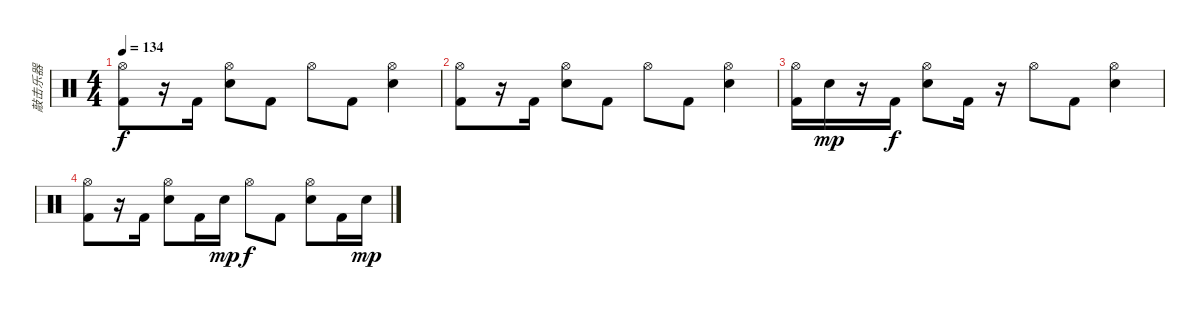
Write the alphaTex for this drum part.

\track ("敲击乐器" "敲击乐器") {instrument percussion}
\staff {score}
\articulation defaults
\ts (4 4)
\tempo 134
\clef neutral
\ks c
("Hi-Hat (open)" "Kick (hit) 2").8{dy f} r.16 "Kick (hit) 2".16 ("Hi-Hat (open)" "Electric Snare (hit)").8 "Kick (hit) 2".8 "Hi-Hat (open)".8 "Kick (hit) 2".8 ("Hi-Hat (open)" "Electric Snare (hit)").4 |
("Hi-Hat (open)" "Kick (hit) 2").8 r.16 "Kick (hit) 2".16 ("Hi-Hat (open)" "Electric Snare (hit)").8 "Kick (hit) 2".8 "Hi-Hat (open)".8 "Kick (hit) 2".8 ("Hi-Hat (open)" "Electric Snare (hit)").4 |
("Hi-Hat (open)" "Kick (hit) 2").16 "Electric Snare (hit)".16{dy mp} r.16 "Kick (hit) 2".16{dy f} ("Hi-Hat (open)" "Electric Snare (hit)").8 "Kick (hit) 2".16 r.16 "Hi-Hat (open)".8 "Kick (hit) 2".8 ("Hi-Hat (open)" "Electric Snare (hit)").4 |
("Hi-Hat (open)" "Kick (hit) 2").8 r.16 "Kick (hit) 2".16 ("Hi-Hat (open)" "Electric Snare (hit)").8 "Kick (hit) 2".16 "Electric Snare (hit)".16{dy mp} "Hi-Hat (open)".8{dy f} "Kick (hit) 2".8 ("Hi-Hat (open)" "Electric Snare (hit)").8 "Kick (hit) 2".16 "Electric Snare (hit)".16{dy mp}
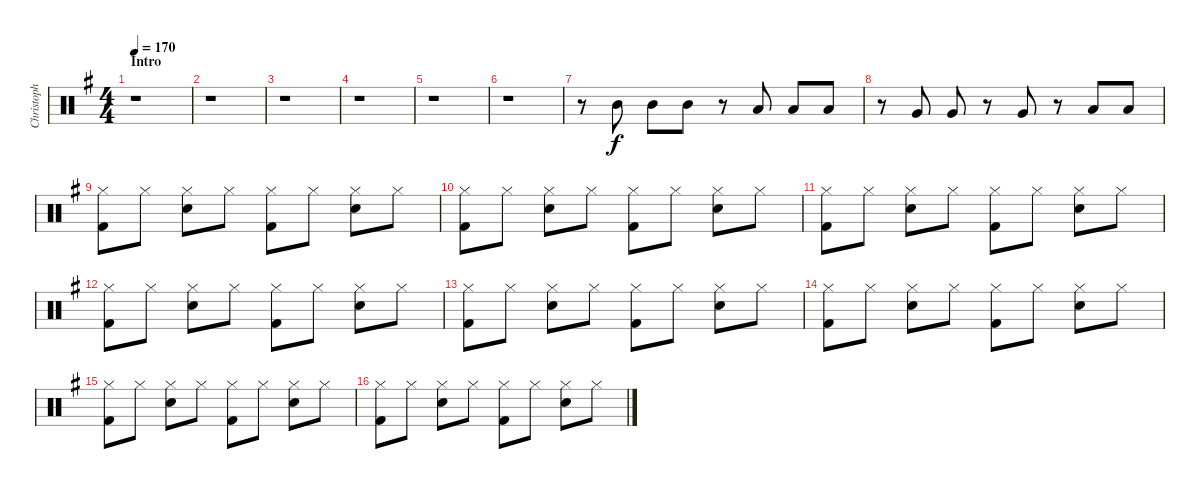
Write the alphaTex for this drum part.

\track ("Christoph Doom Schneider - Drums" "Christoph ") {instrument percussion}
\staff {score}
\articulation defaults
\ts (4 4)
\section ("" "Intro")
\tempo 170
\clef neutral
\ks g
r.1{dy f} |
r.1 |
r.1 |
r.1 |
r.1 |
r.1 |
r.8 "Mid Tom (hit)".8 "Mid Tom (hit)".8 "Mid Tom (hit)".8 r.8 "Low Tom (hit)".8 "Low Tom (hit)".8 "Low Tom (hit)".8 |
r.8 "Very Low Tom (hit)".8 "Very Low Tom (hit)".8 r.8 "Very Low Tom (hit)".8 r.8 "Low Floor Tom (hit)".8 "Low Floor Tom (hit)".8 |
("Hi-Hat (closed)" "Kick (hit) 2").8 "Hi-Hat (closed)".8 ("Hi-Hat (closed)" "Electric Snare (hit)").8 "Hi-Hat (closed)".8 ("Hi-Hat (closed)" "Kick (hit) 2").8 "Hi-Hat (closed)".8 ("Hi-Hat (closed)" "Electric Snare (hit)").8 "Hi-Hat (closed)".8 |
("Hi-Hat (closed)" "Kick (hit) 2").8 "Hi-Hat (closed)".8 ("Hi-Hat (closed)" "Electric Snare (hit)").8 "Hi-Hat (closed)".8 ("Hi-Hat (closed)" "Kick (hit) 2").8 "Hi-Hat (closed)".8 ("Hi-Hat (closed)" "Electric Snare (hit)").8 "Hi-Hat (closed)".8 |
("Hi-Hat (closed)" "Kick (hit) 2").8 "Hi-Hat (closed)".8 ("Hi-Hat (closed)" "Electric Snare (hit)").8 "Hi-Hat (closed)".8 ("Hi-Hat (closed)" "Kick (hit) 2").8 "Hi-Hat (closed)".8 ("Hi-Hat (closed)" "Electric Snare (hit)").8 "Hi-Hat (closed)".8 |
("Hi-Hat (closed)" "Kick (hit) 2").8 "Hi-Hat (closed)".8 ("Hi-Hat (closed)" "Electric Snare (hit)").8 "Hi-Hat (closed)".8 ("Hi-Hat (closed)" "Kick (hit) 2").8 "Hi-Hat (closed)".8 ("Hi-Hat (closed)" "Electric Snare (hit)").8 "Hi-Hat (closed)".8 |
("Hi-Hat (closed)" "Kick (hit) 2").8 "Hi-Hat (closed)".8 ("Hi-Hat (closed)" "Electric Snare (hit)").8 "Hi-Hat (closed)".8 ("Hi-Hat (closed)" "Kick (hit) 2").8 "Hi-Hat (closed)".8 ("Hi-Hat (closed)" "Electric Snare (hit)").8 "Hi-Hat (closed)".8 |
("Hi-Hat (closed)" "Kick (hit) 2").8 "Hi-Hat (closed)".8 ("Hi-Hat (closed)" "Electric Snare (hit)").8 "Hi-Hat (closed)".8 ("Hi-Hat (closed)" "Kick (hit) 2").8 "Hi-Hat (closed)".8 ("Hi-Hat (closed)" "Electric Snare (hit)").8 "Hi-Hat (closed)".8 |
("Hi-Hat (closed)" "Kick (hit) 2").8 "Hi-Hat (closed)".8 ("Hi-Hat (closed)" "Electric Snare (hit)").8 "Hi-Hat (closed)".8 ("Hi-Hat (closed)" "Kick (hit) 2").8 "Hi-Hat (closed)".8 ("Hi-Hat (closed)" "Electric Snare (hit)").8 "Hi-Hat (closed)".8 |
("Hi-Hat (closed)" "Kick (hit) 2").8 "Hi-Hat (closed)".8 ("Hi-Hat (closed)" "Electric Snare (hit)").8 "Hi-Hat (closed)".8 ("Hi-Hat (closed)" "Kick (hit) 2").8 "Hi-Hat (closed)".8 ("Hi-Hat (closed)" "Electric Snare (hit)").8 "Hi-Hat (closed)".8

========================================================================

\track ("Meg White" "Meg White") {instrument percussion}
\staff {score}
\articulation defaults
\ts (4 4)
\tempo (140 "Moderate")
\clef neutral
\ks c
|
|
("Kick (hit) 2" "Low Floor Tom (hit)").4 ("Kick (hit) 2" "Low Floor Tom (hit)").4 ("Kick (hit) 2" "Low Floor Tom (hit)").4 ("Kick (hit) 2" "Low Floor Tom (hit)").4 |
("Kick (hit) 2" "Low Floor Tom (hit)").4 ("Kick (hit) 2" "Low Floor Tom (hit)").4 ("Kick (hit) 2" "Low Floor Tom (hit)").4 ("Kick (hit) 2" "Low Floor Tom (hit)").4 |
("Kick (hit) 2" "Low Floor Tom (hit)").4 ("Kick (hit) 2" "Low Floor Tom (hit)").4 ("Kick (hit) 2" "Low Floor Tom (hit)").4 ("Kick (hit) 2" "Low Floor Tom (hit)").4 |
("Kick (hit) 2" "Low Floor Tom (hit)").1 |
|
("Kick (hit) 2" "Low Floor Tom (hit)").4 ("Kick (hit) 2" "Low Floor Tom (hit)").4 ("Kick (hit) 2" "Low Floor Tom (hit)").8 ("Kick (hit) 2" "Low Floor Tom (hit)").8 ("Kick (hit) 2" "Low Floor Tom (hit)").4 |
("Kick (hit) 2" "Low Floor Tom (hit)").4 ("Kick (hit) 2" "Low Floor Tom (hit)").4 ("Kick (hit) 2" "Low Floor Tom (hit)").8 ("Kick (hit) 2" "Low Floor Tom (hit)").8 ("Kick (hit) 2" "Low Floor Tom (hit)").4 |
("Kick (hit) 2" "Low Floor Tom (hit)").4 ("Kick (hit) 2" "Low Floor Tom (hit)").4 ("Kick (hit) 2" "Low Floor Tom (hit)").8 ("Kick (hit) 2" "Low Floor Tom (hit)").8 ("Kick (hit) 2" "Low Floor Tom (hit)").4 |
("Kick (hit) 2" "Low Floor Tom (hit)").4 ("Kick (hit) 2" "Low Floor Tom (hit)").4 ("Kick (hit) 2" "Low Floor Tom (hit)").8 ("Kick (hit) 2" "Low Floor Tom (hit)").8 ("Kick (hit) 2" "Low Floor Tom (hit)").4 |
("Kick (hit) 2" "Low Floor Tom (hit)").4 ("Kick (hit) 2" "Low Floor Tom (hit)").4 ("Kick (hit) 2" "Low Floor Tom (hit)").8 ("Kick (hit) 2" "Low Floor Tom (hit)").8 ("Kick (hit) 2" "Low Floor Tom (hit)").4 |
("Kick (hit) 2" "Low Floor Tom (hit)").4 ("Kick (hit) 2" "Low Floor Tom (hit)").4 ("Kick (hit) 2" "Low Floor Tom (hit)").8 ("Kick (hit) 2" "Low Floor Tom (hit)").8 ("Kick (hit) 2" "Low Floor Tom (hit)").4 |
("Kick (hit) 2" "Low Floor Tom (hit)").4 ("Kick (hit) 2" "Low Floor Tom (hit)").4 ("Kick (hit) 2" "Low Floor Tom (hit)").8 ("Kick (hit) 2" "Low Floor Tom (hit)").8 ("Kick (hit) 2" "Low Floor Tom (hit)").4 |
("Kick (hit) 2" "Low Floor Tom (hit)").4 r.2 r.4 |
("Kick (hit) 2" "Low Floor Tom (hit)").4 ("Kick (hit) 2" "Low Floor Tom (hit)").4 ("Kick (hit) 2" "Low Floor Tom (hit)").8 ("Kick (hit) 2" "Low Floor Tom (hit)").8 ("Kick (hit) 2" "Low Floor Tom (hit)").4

========================================================================

> [Your goal]:
When a line of the material holds the string "instrument", copy that line.

> [Response area]:
\track ("敲击乐器" "敲击乐器") {instrument percussion}
\track ("Christoph Doom Schneider - Drums" "Christoph ") {instrument percussion}
\track ("Meg White" "Meg White") {instrument percussion}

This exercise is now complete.